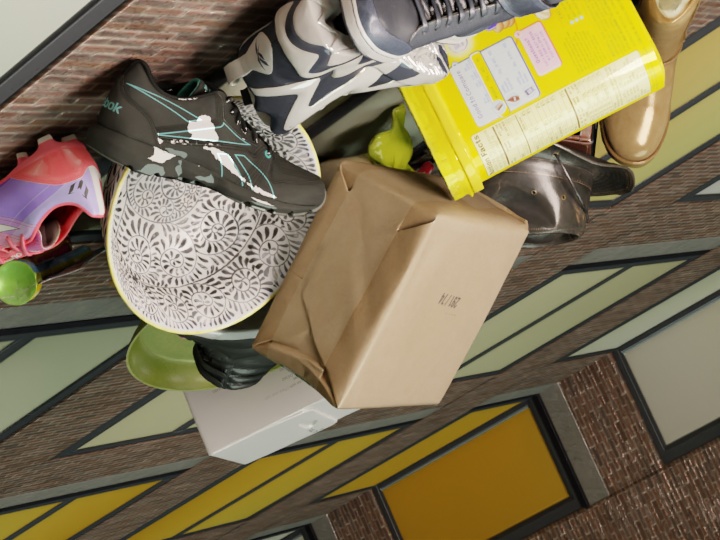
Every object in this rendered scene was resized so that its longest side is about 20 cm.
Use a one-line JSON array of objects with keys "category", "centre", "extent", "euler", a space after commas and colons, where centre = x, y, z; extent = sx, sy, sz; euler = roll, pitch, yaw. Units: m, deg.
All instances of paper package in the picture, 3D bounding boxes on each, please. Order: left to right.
[{"category": "paper package", "centre": [0.030, 0.016, 1.691], "extent": [0.200, 0.103, 0.192], "euler": [5, 114, -62]}]

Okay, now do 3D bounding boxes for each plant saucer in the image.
[{"category": "plant saucer", "centre": [-0.125, 0.051, 1.855], "extent": [0.198, 0.031, 0.201], "euler": [-15, 152, -8]}]

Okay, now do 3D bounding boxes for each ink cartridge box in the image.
[{"category": "ink cartridge box", "centre": [-0.110, 0.074, 2.020], "extent": [0.145, 0.201, 0.147], "euler": [-25, 167, 6]}]

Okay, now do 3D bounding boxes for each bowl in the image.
[{"category": "bowl", "centre": [-0.138, -0.060, 1.612], "extent": [0.199, 0.094, 0.202], "euler": [-18, 123, -30]}]

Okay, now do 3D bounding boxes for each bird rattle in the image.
[{"category": "bird rattle", "centre": [0.000, -0.085, 1.907], "extent": [0.161, 0.114, 0.200], "euler": [-8, 175, -5]}]

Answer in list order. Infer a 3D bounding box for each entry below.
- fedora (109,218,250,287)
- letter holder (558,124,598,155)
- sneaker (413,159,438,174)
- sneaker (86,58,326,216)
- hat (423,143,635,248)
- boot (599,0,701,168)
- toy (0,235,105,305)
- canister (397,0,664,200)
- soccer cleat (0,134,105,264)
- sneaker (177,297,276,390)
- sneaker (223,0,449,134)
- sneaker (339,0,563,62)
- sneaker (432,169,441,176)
[{"category": "fedora", "centre": [-0.139, -0.043, 1.772], "extent": [0.199, 0.083, 0.201], "euler": [-18, 173, -2]}, {"category": "letter holder", "centre": [0.151, -0.147, 1.854], "extent": [0.141, 0.102, 0.200], "euler": [6, 169, 7]}, {"category": "sneaker", "centre": [0.030, -0.047, 2.049], "extent": [0.198, 0.088, 0.076], "euler": [-21, 167, -16]}, {"category": "sneaker", "centre": [-0.105, -0.096, 1.499], "extent": [0.199, 0.080, 0.075], "euler": [18, -175, -31]}, {"category": "hat", "centre": [0.148, -0.062, 1.811], "extent": [0.199, 0.082, 0.201], "euler": [10, 170, 2]}, {"category": "boot", "centre": [0.259, -0.199, 1.759], "extent": [0.065, 0.177, 0.200], "euler": [9, 169, 3]}, {"category": "toy", "centre": [-0.278, -0.008, 1.689], "extent": [0.114, 0.048, 0.200], "euler": [-22, -171, 2]}, {"category": "canister", "centre": [0.132, -0.168, 1.631], "extent": [0.199, 0.150, 0.087], "euler": [-27, 166, 3]}, {"category": "soccer cleat", "centre": [-0.278, -0.034, 1.569], "extent": [0.199, 0.077, 0.066], "euler": [-33, 165, 31]}, {"category": "sneaker", "centre": [-0.134, 0.060, 1.752], "extent": [0.199, 0.071, 0.099], "euler": [8, 135, -42]}, {"category": "sneaker", "centre": [-0.027, -0.159, 1.537], "extent": [0.129, 0.080, 0.199], "euler": [-25, 173, 32]}, {"category": "sneaker", "centre": [0.082, -0.215, 1.475], "extent": [0.145, 0.078, 0.202], "euler": [-20, -178, 33]}, {"category": "sneaker", "centre": [0.108, -0.072, 1.992], "extent": [0.200, 0.081, 0.075], "euler": [-46, 120, 6]}]
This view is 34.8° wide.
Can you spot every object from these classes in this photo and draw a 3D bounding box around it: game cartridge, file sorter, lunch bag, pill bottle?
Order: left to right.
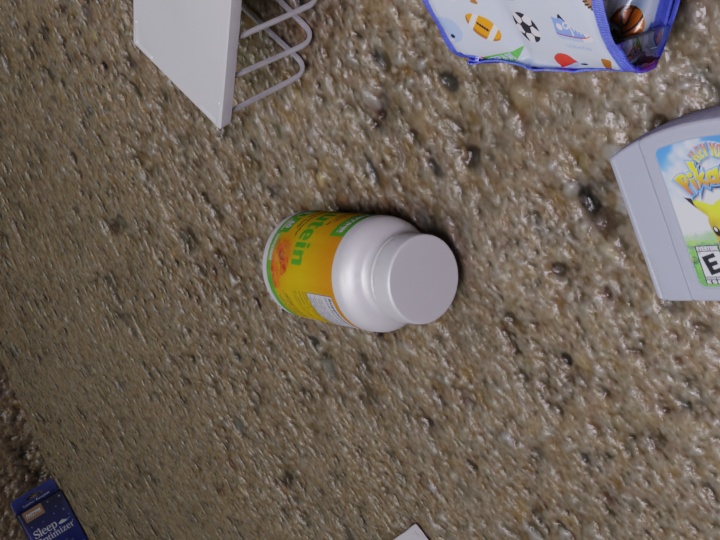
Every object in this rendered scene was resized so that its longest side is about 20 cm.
[{"bbox_3d":[-0.117,-0.263,1.048,0.139,0.124,0.200,45,148,22],"label":"file sorter"},{"bbox_3d":[0.000,0.000,1.115,0.200,0.111,0.112,8,122,54],"label":"pill bottle"},{"bbox_3d":[0.115,-0.228,0.731,0.170,0.123,0.201,16,121,49],"label":"lunch bag"},{"bbox_3d":[0.256,-0.044,0.764,0.200,0.040,0.134,-3,109,57],"label":"game cartridge"}]

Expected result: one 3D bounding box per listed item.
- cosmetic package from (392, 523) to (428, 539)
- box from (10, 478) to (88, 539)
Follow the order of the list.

= = = =

Write out again exactly the lines from the start of the data above through the line containing "Use a one-line", inclusive, excluding any pictures.

Every object in this rendered scene was resized so that its longest side is about 20 cm.
Use a one-line JSON array of objects with keys "category", "centre", "extent", "euler", a space after commas and colons, where centre = x, y, z; extent = sx, sy, sz; euler = roll, pitch, yaw. Units: m, deg.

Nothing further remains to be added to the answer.